Sweet River

Sweet River (2020)

Justin McMillan’s Sweet River takes place in Billins, a small rural town in the north of New South Wales that has experienced more than its fair share of tragedy. A school bus swerved off the road into the river there, drowning all inside but the driver (played by Eddie Baroo, who also co-wrote the film with Marc Furmie), and rendering many of the local families suddenly childless and broken. Meanwhile troubled farmhand Leonard Simpkin (Jack Ellis) was secretly perpetrating a campaign of serial murders against the children of locals and non-locals alike, before he killed himself. Four bodies were unearthed around the property where Simpkin lived, but another of his presumed victims, Joey, has never been found. 

Now Joey’s mother Hanna (Lisa Kay), doubly marked as an outsider by origins both urban and English, arrives in town looking for some sort of closure, even as she also tries to rebuild a life that has, since Joey’s disappearance, been destroyed by the breakdown of her marriage and a retreat into substance abuse. As she rents a worker’s cottage for her stay, her neighbour John Drake (Martin Sacks) and his wife Elenor (Geneviève Lemon) are also going through different stages of mourning after the death of their young daughter Violet (Charlotte Stent). So despite repeated warnings from the local constable Wilkins (Rob Carlton) to leave, in a way Hanna fits right into this damaged community.

Billins is haunted not just metaphorically, but literally. For here, in a place of conspiratorial secrets and buried skeletons, the ghosts of drowned children emerge nightly from the river into the sugar cane fields, visiting their loved ones and punishing their enemies. The film opens with Hanna, not yet come to the town, waking with a start from a dream of drowning – in a scene which immediately introduces the suffocating power of her grief – but this is quickly followed up by a sequence of actual death by submersion, as Billins local James Lipton (Jeremy Waters), driving home drunk from a bender, hits a little girl in the road and is seized and drowned by something in the crop. Beneath the surface of this town’s recrimination and guilt, real danger lurks.

Somber and serious throughout, Sweet River presents both a woman and a town overwhelmed with sorrow and struggling to move on. All this comes with a strong element of gothic – the genre where the past uncannily persists. Scenes where Hanna visits Simpkin’s home are especially unnerving, with canted angles and creaking noises conjuring the harrowing history of the place – and one can also sense the influence of both Fritz Kiersch’s Children of the Corn (1984) and Mary Lambert’s Pet Sematary (1989) in this story of rustic revenants bringing the coldest of comfort under the menacing leadership of a bitter male spirit (Jayden McGinlay). Yet another, altogether less supernatural inspiration, slyly evoked by this film’s title, is Atom Egoyan’s The Sweet Hereafter (1997), which shares Sweet River‘s preoccupations with small-town struggles in the wake of a tragic accident.
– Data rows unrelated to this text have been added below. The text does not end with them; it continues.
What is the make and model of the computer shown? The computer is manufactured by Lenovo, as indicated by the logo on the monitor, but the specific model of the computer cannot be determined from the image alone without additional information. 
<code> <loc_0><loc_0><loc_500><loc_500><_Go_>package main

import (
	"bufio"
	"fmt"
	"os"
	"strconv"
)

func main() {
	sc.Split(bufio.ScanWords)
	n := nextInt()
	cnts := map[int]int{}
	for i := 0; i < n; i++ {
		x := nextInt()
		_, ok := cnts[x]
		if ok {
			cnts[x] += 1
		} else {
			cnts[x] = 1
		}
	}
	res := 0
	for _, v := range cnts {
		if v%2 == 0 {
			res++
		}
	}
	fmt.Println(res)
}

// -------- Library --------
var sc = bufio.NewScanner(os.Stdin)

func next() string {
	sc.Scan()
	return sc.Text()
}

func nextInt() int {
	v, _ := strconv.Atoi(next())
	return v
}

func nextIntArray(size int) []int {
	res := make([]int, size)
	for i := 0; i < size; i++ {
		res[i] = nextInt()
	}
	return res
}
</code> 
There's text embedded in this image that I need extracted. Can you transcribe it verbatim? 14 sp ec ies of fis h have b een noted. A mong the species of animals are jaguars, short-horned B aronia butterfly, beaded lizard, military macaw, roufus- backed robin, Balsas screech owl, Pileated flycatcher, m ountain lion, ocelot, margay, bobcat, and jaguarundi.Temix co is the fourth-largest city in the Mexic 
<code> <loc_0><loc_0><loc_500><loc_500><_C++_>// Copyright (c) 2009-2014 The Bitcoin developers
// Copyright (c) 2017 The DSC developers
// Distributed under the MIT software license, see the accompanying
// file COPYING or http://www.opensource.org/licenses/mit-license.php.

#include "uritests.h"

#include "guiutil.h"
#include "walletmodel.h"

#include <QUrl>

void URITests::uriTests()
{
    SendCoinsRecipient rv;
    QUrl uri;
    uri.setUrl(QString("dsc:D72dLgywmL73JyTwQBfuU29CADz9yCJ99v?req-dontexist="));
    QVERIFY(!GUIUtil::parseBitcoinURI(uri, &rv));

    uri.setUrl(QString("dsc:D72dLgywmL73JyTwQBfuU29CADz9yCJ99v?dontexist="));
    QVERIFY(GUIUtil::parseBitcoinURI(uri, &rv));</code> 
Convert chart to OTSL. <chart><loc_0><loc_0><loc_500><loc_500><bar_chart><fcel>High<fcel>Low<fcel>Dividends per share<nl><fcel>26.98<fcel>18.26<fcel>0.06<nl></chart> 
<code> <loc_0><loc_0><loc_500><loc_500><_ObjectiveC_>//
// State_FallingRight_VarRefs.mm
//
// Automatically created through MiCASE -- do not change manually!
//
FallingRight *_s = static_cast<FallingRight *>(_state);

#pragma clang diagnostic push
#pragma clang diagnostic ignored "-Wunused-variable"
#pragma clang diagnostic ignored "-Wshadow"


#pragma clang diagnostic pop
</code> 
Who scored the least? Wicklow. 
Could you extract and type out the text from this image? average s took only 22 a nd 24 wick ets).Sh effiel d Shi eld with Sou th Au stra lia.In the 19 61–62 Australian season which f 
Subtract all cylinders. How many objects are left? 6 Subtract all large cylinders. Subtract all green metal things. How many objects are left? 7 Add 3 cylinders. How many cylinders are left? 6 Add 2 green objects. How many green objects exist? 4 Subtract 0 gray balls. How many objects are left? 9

The ghosts that haunt Billins may be a palpable presence, but they also figure an entire community drowning in its own deep loss and abiding love. Bookended by the imagery of water and fire, this is a mature tale of conflicting elements and complicated emotions, of people stunted by grief yet slowly learning to resow fallow ground – and it is the sprinklings of genre which make Sweet River‘s psychological soil fertile with a final, bittersweet yield.

strap: Justin McMillan’s ghost story shows a mourning mother – and a rural Australian community – drowning in grief.